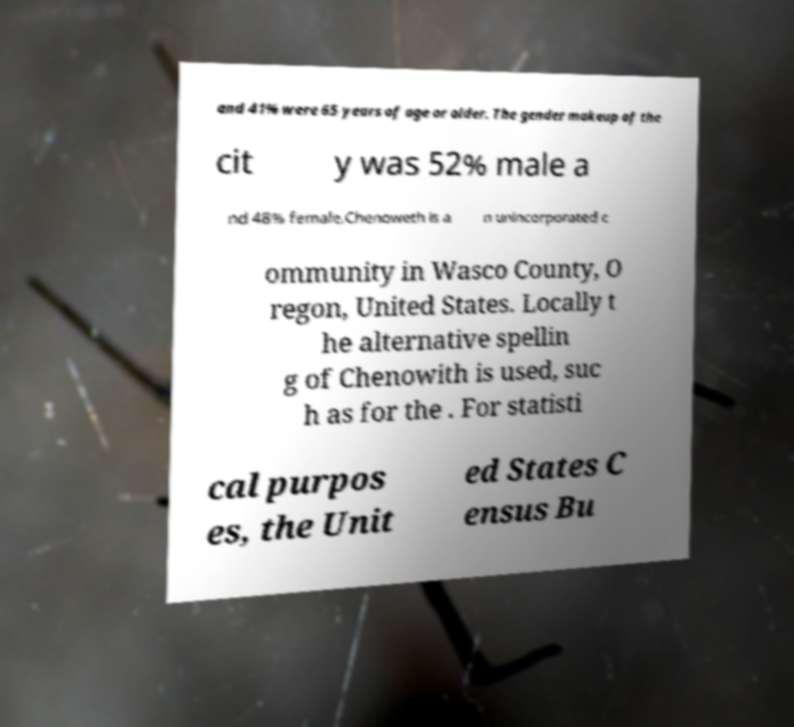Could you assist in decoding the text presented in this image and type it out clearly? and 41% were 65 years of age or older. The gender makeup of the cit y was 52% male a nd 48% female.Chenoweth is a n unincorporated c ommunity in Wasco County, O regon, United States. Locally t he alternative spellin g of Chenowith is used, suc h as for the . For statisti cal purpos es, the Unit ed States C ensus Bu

+===+

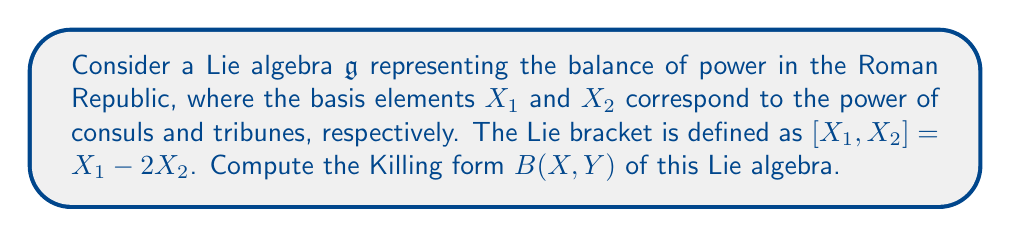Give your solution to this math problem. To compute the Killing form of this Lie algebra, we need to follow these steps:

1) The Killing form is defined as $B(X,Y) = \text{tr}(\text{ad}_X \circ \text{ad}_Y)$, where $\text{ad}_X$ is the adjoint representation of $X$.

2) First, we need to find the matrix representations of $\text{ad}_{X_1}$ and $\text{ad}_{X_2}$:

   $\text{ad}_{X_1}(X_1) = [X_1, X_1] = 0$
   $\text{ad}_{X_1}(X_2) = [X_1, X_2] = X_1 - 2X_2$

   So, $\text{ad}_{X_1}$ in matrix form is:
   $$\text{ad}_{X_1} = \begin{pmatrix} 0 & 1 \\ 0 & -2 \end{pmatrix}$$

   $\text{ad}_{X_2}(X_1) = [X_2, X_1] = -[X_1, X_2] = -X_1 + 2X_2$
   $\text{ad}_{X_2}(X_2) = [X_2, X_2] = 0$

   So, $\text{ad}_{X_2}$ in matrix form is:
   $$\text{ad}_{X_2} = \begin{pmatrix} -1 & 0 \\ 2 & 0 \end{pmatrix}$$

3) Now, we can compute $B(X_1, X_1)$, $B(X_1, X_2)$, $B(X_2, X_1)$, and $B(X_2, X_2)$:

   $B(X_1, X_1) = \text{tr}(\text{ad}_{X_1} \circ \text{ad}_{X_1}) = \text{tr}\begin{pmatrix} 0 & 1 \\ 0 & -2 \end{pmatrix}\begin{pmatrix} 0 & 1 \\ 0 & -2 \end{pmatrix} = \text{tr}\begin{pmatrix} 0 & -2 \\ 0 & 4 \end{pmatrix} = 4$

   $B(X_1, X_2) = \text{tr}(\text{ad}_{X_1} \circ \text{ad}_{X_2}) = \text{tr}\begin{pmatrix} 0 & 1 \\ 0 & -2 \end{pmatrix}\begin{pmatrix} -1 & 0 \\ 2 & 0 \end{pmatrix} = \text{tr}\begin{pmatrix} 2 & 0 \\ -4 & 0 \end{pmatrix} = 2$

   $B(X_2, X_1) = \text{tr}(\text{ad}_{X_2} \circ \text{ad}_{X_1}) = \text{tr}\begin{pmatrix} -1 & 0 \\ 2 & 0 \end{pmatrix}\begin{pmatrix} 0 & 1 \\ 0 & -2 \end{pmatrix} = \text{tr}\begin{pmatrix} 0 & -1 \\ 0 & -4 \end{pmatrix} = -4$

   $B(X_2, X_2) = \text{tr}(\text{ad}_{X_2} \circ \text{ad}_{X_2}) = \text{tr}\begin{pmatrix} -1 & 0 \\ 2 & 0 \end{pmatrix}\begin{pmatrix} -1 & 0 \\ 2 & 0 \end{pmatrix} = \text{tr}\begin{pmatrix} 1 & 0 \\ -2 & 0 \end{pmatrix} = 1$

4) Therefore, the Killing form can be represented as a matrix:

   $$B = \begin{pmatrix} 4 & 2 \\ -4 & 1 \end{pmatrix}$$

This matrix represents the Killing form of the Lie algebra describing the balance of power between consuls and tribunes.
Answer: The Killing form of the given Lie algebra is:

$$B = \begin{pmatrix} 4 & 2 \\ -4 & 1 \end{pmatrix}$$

+===+

WHAT YOU NEED TO DO: The reply should hold only the lines of the listing above starting at the line containing "-X_1 + 2X_2$" and ending at the line containing "3) Now, we can", exactly as written.

ANSWER TO THIS EXERCISE:
   $\text{ad}_{X_2}(X_1) = [X_2, X_1] = -[X_1, X_2] = -X_1 + 2X_2$
   $\text{ad}_{X_2}(X_2) = [X_2, X_2] = 0$

   So, $\text{ad}_{X_2}$ in matrix form is:
   $$\text{ad}_{X_2} = \begin{pmatrix} -1 & 0 \\ 2 & 0 \end{pmatrix}$$

3) Now, we can compute $B(X_1, X_1)$, $B(X_1, X_2)$, $B(X_2, X_1)$, and $B(X_2, X_2)$:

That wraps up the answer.